ГЛАВА ПЕРВАЯ Философские основания
ГЛАВА ПЕРВАЯ Философские основания
1. Введение
В отличие от преобладающих до сих пор либеральных и механистических взглядов, мы начинаем с веры в то, что народ или нация является организмом, живым организмом, с определенными особенностями телесного, умственного и духовного свойства.

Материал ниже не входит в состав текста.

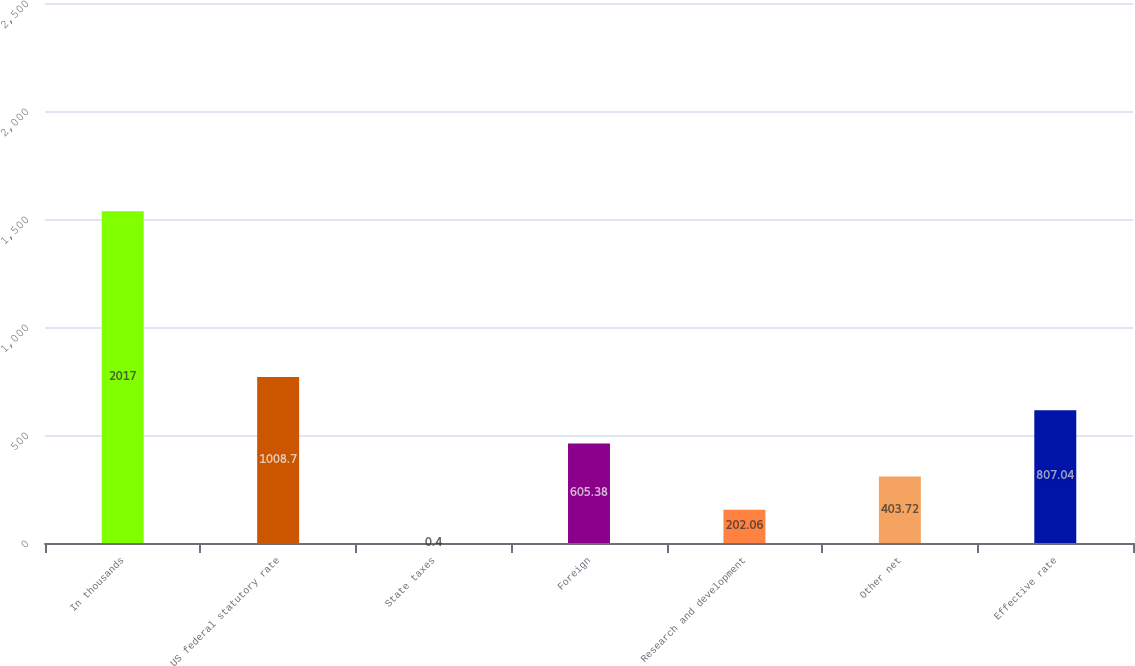<chart> <loc_0><loc_0><loc_500><loc_500><bar_chart><fcel>In thousands<fcel>US federal statutory rate<fcel>State taxes<fcel>Foreign<fcel>Research and development<fcel>Other net<fcel>Effective rate<nl><fcel>2017<fcel>1008.7<fcel>0.4<fcel>605.38<fcel>202.06<fcel>403.72<fcel>807.04<nl></chart> 
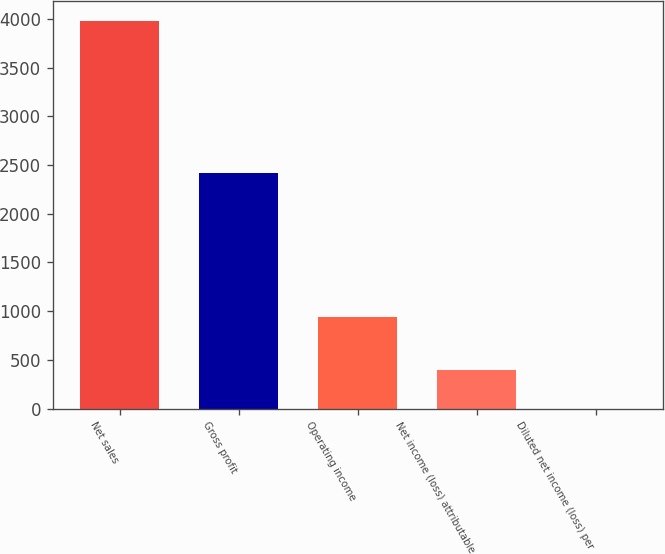Convert chart to OTSL. <chart><loc_0><loc_0><loc_500><loc_500><bar_chart><fcel>Net sales<fcel>Gross profit<fcel>Operating income<fcel>Net income (loss) attributable<fcel>Diluted net income (loss) per<nl><fcel>3980.8<fcel>2420.7<fcel>936.3<fcel>399.01<fcel>1.03<nl></chart> 
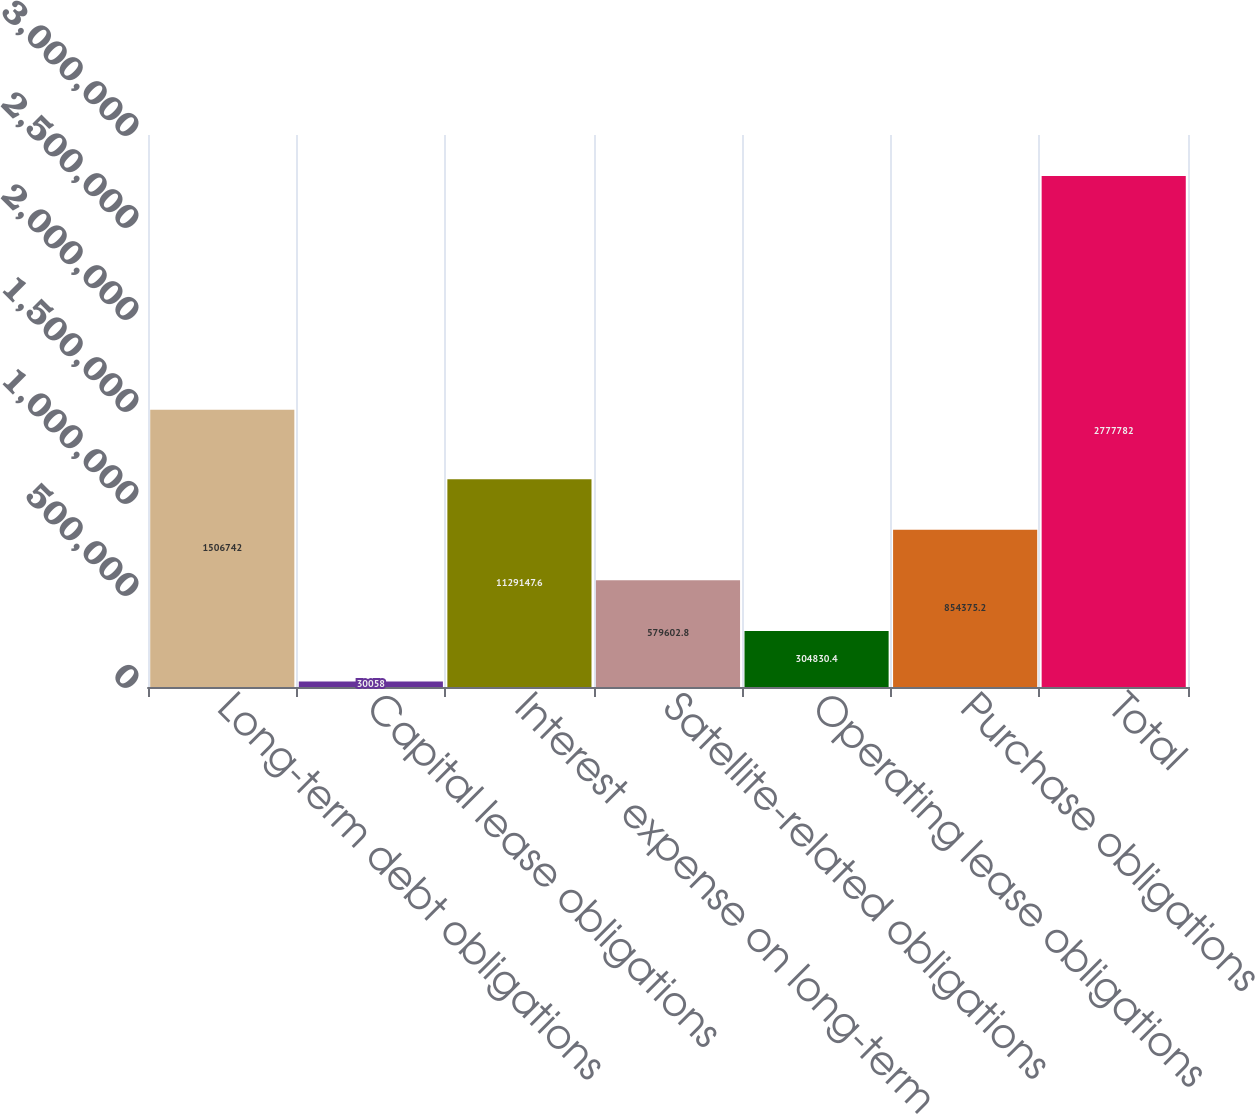Convert chart to OTSL. <chart><loc_0><loc_0><loc_500><loc_500><bar_chart><fcel>Long-term debt obligations<fcel>Capital lease obligations<fcel>Interest expense on long-term<fcel>Satellite-related obligations<fcel>Operating lease obligations<fcel>Purchase obligations<fcel>Total<nl><fcel>1.50674e+06<fcel>30058<fcel>1.12915e+06<fcel>579603<fcel>304830<fcel>854375<fcel>2.77778e+06<nl></chart> 
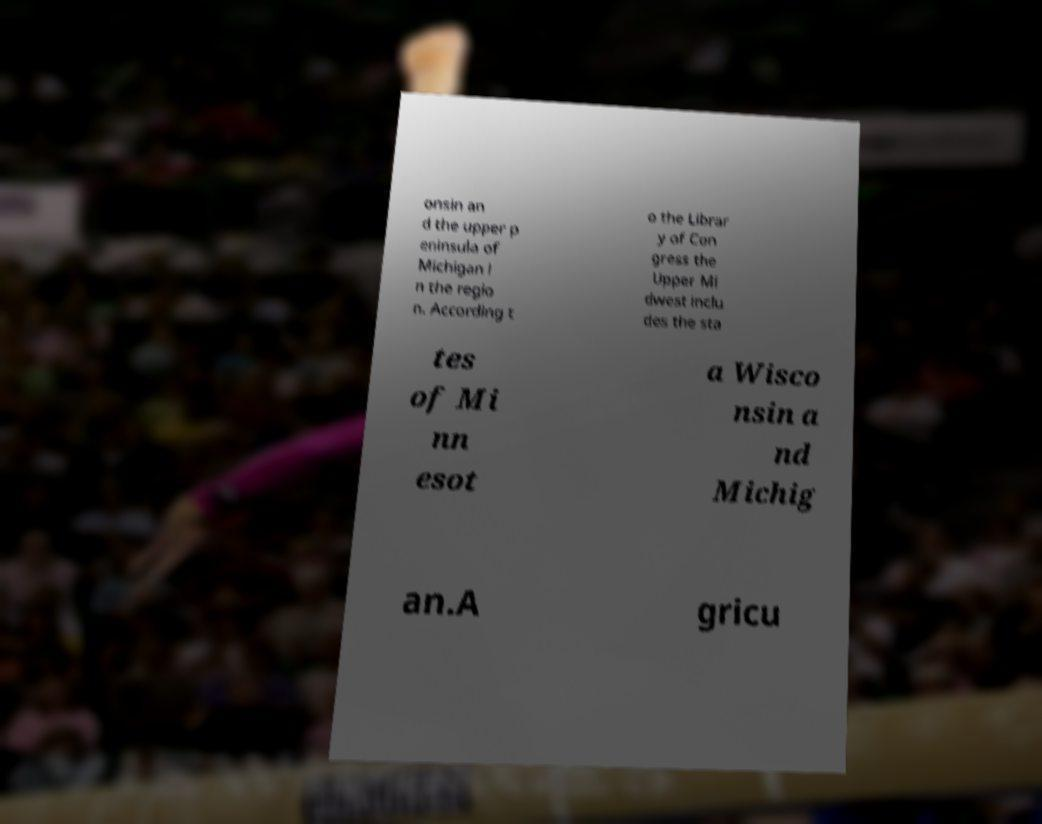Please read and relay the text visible in this image. What does it say? onsin an d the upper p eninsula of Michigan i n the regio n. According t o the Librar y of Con gress the Upper Mi dwest inclu des the sta tes of Mi nn esot a Wisco nsin a nd Michig an.A gricu 
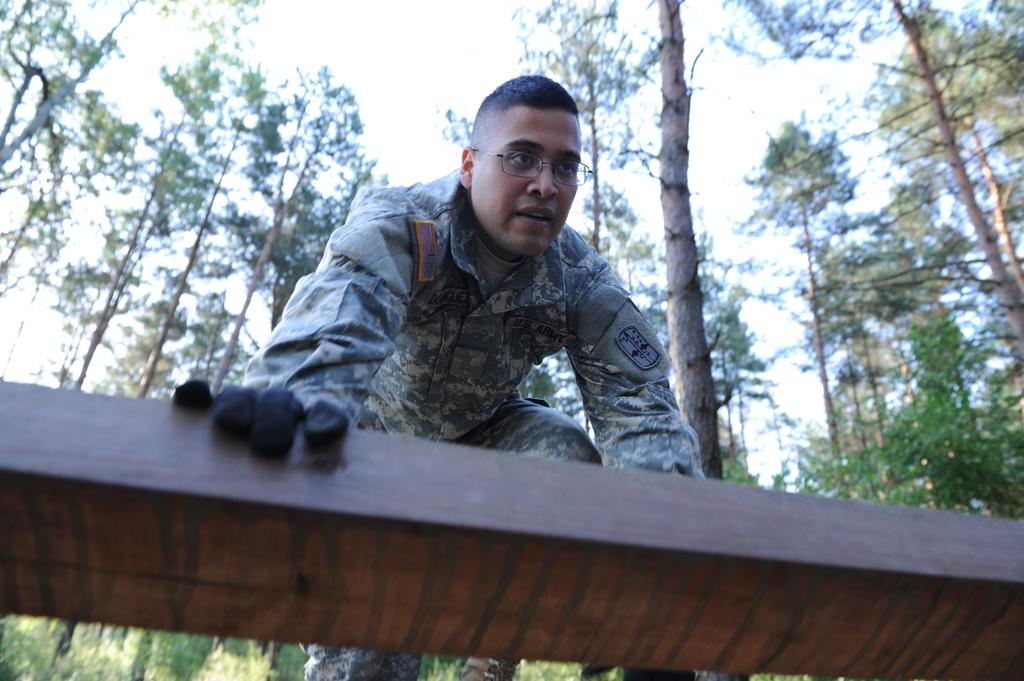What is the main subject of the image? There is a person standing in the center of the image. What is the person holding in the image? The person is holding wood. What can be seen in the background of the image? There is sky, clouds, and trees visible in the background of the image. What decision is the woman making in the image? There is no woman present in the image, and no decision-making process is depicted.

Из этого следует, что к истории нации применяется вечный закон органической жизни, «умереть и возникнуть», биологическая необходимость пройти по неизбежной дороге от колыбели до могилы, от яблочной семечки к плодоносящему дереву, и к мертвой древесине. Это приложение биологических законов на курс национальной жизни не отменяет метафизическое предопределения судьбы и деятельности Бога как наши знания и признание неизбежного движения жизни человека от рождения к смерти не могут «объяснить» или опровергнуть загадку появления человека или формы, которую он получил от природы.
2. Раса — Народ — Нация.
Поэтому, если мы пытаемся объяснить происхождение народа, мы никогда не должны забывать, что мы можем сделать это только в пределах всего человеческого знания составляющего предмет. То есть это можно объяснить только причинами внешнего мира или высшего, который мы признаем провидением, изначально устанавливающим причинность и определяющим его тенденции.
С этой точки зрения мы видим, что народ является сочетанием различных рас, также как ребенок является смешением в определенных пропорциях материнских и отцовских «расовых» составляющих.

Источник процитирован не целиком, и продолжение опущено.